1. Update the Server Configuration: Add the authentication credentials Codeberg provided in the server section.

2. Configure Labels: Labels are how workflows discover your runner. They use a three-part syntax: [Workflow Label]:[Execution Method]://[Environment]

For example:

labels: 
  - 'ubuntu-latest:docker://node:20-bookworm'
  - 'ubuntu-22.04:docker://node:20-bookworm'
  - 'ubuntu-24.04:docker://node:22-bookworm'

When a workflow specifies runs-on: ubuntu-latest, Codeberg matches it to a runner with that label. This is your matchmaking system between jobs and runners.
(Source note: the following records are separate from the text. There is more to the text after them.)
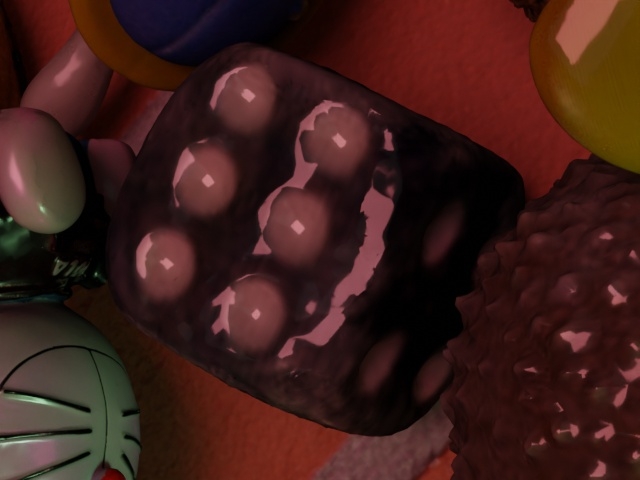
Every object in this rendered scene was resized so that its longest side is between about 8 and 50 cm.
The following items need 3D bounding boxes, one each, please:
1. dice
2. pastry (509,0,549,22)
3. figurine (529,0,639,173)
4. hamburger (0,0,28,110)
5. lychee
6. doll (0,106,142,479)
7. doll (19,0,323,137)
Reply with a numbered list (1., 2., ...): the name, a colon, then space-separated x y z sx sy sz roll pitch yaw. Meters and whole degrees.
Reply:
1. dice: 0.000 0.000 0.808 0.181 0.183 0.182 26 93 30
2. pastry: 0.177 -0.239 0.741 0.274 0.193 0.275 -4 82 29
3. figurine: 0.165 -0.137 0.539 0.215 0.228 0.215 5 116 10
4. hamburger: -0.365 -0.095 1.025 0.304 0.174 0.284 -26 84 30
5. lychee: 0.192 0.085 0.646 0.300 0.300 0.300 -4 81 27
6. doll: -0.220 0.087 0.847 0.240 0.284 0.310 -3 85 25
7. doll: -0.115 -0.175 0.880 0.311 0.159 0.242 -51 43 17

Optional: Adjust Capacity By default, runners handle one job at a time. If you have resources, increase the capacity setting to run multiple jobs simultaneously—we recommend starting at 4 for most setups.

Going Live

Once your configuration is complete, start the runner:

docker-compose up -d

Monitor the logs to confirm it's connecting successfully:

docker-compose logs -f runner

You should see confirmation that your runner has registered with Codeberg. After that, any workflow in your repositories that specifies your runner's labels will be delegated to your self-hosted infrastructure.

Performance Wins You'll Notice

By self-hosting your runner, you'll experience:

  • Faster job execution with no queue delays
  • Full control over your CI/CD environment and dependencies
  • Cost savings while supporting Codeberg's non-profit mission
  • Privacy keeping your workflow logs on your own infrastructure
  • Flexibility to scale with your needs

Final Thoughts

Setting up a self-hosted Forgejo runner is one of those infrastructure decisions that pays dividends immediately. It's straightforward enough for a Friday afternoon project, yet powerful enough to scale with your development team. Plus, by reducing load on Codeberg's shared runners, you're directly supporting the open-source ecosystem.

If you're already using Codeberg, this is a natural next step. If you're still on GitHub and considering alternatives, reliable CI/CD is often the deciding factor—and now you know you can take full control of it.